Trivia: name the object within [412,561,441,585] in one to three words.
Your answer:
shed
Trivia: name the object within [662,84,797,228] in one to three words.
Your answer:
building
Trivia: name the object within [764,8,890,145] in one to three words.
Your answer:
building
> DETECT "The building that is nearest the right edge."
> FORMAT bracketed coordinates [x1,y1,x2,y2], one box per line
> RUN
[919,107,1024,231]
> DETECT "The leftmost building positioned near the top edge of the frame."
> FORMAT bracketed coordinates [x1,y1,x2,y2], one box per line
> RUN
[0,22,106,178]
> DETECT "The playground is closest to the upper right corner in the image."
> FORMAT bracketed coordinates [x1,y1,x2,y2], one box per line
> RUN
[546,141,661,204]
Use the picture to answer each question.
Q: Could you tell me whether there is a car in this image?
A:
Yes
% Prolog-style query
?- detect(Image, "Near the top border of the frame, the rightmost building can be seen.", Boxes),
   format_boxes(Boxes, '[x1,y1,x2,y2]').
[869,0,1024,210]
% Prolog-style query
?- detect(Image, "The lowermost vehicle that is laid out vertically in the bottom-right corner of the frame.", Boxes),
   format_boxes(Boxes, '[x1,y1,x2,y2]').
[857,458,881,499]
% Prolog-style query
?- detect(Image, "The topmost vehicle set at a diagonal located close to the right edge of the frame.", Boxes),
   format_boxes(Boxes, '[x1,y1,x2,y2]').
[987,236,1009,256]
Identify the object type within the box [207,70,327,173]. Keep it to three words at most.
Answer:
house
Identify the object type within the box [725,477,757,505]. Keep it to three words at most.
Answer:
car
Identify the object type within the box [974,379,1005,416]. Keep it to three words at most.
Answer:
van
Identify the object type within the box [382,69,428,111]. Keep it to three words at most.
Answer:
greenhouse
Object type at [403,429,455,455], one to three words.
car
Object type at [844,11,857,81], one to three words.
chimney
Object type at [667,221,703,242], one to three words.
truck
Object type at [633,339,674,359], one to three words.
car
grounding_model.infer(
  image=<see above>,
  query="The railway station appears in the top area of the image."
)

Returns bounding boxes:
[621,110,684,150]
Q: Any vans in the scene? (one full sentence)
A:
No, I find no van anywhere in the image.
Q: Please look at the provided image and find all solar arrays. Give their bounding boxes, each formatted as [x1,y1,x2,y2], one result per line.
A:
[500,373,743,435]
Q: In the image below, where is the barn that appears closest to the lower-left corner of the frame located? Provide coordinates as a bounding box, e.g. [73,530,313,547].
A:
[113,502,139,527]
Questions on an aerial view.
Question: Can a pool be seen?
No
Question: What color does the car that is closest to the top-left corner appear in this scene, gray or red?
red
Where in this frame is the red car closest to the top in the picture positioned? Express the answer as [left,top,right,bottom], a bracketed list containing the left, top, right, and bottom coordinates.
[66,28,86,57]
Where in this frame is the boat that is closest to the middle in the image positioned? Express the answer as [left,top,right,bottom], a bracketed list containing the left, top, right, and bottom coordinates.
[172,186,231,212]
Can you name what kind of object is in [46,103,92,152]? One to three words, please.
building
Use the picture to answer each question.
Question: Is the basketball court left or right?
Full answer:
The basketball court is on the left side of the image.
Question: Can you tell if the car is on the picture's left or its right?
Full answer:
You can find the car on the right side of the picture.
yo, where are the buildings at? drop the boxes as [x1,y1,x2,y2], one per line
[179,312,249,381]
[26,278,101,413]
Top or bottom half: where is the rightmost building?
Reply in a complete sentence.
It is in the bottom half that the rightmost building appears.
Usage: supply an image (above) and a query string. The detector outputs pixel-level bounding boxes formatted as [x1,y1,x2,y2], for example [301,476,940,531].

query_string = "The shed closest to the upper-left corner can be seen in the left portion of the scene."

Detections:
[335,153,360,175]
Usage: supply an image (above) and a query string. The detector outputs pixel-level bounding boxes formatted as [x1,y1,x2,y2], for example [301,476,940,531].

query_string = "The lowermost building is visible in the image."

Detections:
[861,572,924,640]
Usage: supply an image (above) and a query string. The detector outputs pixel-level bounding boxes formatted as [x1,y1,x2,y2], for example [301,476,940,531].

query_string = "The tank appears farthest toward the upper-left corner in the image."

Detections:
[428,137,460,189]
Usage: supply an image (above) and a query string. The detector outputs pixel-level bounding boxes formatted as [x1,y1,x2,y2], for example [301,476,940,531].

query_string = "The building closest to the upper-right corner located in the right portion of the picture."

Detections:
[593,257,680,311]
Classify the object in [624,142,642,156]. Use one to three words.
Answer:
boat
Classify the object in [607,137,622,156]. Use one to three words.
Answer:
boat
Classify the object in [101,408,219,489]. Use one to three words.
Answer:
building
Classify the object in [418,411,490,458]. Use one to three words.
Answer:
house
◆ ◆ ◆ ◆ ◆ ◆ ◆
Task instructions: Select the lines from the entries that include the word "Keep".

Completed exercise:
Identify the object type within the box [207,70,327,173]. Keep it to three words at most.
Identify the object type within the box [725,477,757,505]. Keep it to three words at most.
Identify the object type within the box [974,379,1005,416]. Keep it to three words at most.
Identify the object type within the box [382,69,428,111]. Keep it to three words at most.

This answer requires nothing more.